The question remains: is there anything wrong in a European professional coming to an African country like Zambia to build his profile only to leave for a more prestigious, high-paying job? From my point of view, this is how things are and there is little we can do apart from getting used to it. We also need to be realistic and come to terms with the fact that inexperienced, ambitious coaches like Hervé Renard are what poorer countries like Zambia can attract and afford to pay. Few African nations can hire exaggeratedly expensive coaches like the Brazilian Carlos Alberto Parreira, as South Africa did for the 2010 World Cup. (Interestingly, South Africa became the first host nation in World Cup history to be eliminated in the first round of the competition.)

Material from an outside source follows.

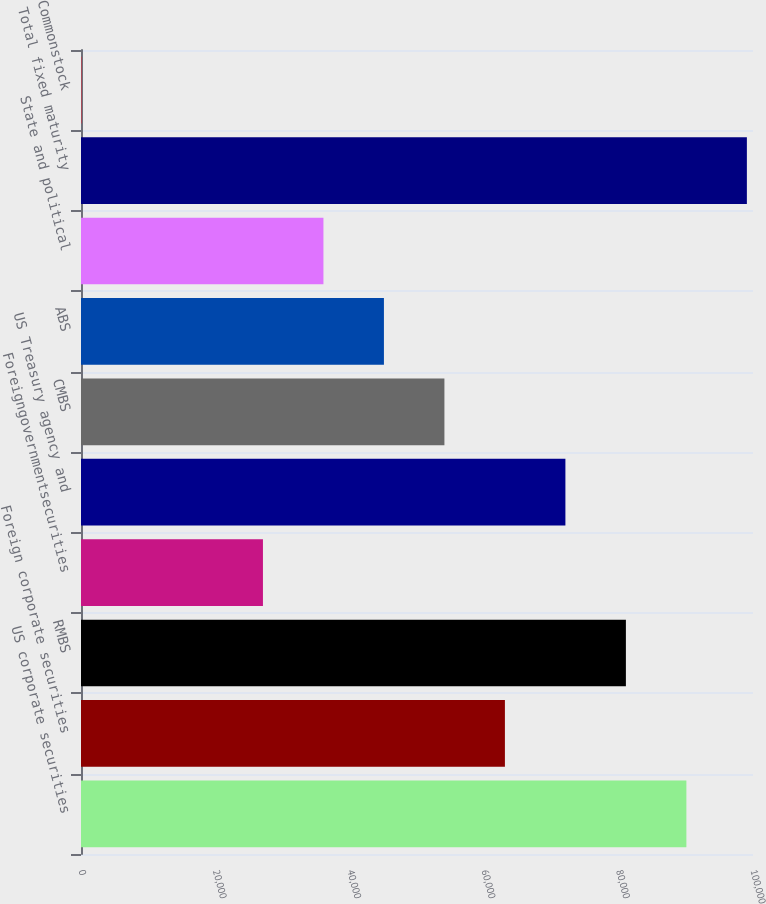Convert chart. <chart><loc_0><loc_0><loc_500><loc_500><bar_chart><fcel>US corporate securities<fcel>Foreign corporate securities<fcel>RMBS<fcel>Foreigngovernmentsecurities<fcel>US Treasury agency and<fcel>CMBS<fcel>ABS<fcel>State and political<fcel>Total fixed maturity<fcel>Commonstock<nl><fcel>90087<fcel>63081.9<fcel>81085.3<fcel>27075.1<fcel>72083.6<fcel>54080.2<fcel>45078.5<fcel>36076.8<fcel>99088.7<fcel>70<nl></chart> 
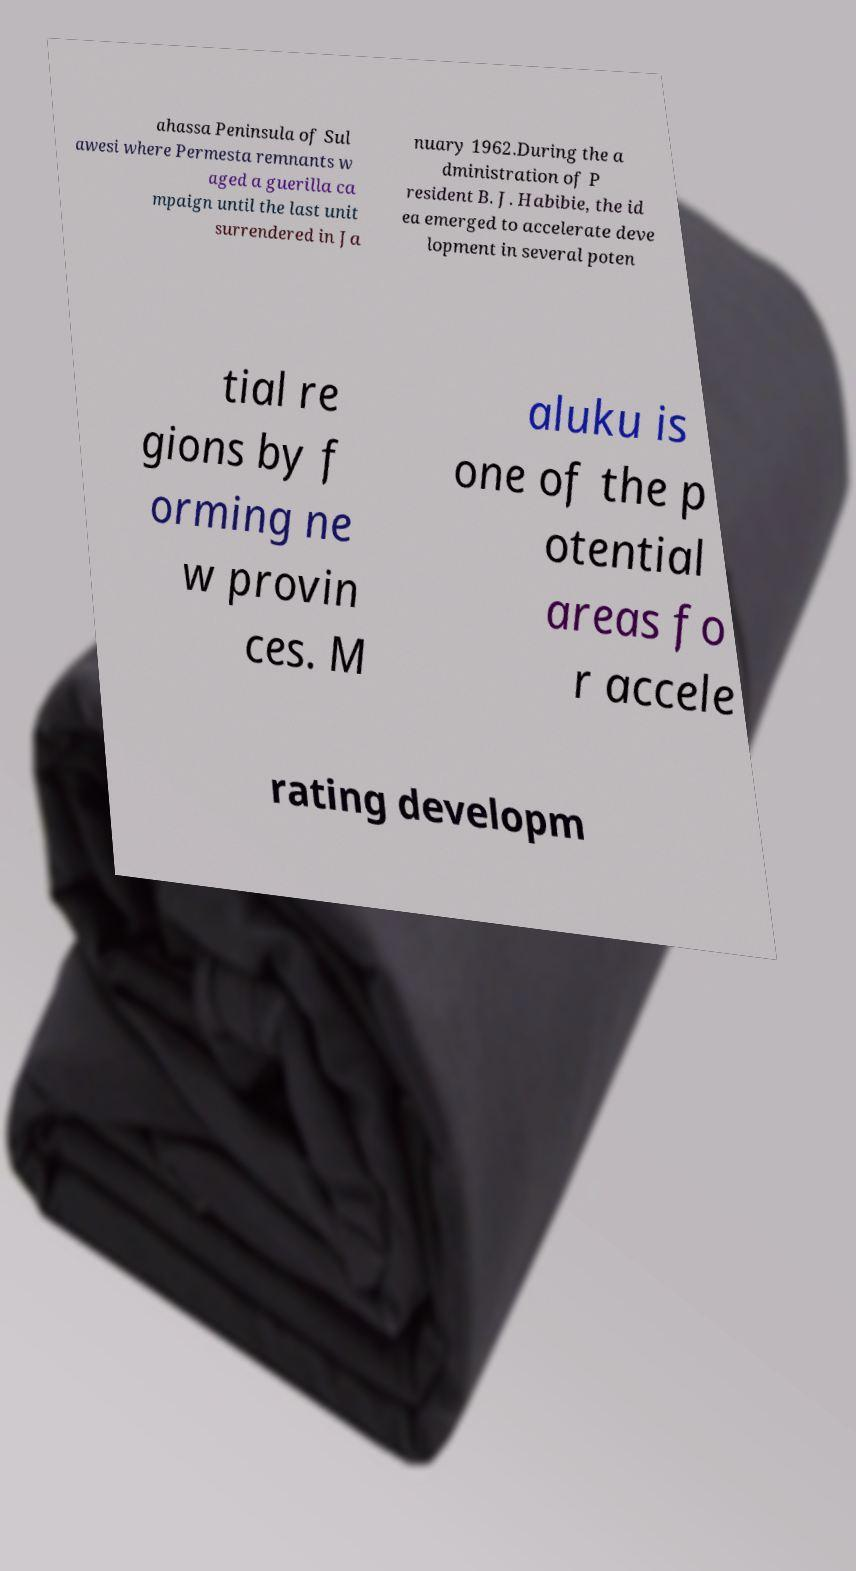There's text embedded in this image that I need extracted. Can you transcribe it verbatim? ahassa Peninsula of Sul awesi where Permesta remnants w aged a guerilla ca mpaign until the last unit surrendered in Ja nuary 1962.During the a dministration of P resident B. J. Habibie, the id ea emerged to accelerate deve lopment in several poten tial re gions by f orming ne w provin ces. M aluku is one of the p otential areas fo r accele rating developm

From 2010 to 2013, Renard proved that he is a good coach by delivering what all previous Zambian skippers failed to do: win the African Nations Cup. Many Zambians argue that he is the best foreign coach Zambia has ever had, sometimes in tandem with Yugoslav Ante Buselic who took Chipolopolo to second place in the 1974 Nations Cup in Egypt. Without question, Renard will remain close to the hearts of millions of Zambian soccer fans for a very long time.

However, the Frenchman’s failure to defend the African title and Chipolopolo’s premature elimination from the 2014 World Cup qualifiers compelled FAZ to part ways with Renard. Luckily for Zambia, Renard’s new employers rejected his proposal of bringing his assistant Patrice Beaumelle, also French, to Sochaux. As a result, Beaumelle was chosen as interim head coach of the national team.

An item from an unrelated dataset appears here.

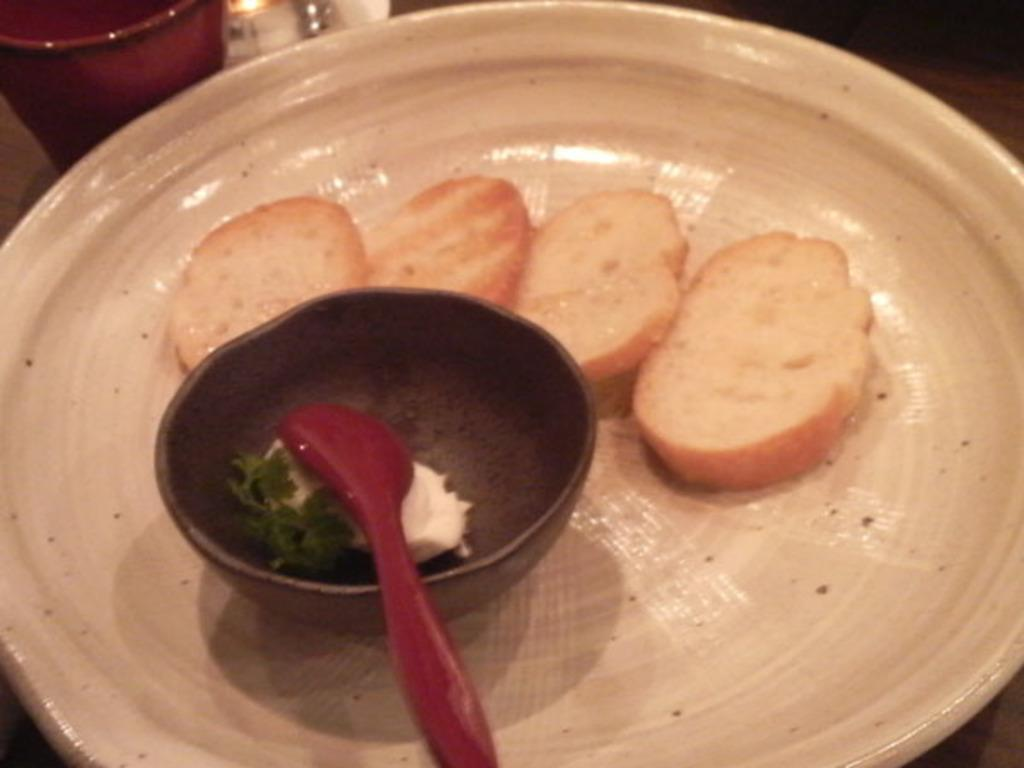What is on the plate in the image? The plate contains a food item that is cream and brown in color. What can be used to eat the food item on the plate? There is a spoon in the image that can be used to eat the food item. What else is present in the image besides the plate and spoon? There is a bowl and other unspecified objects in the image. What type of caption is written on the plate in the image? There is no caption written on the plate in the image; it is a plate with a food item. What material is the spoon made of, and is it shiny or dull? The material of the spoon is not specified in the image, and there is no information about its shine or dullness.

Depending on how the new Frenchman will command the Chipolopolo during the friendly match against Brazil in China in a few days’ time, he is likely to be confirmed as Renard’s permanent replacement. Zambians hope that Beaumelle will perform the same miracle as his predecessor, even if he’s only here to strengthen his coaching pedigree before moving on to the next level of world football.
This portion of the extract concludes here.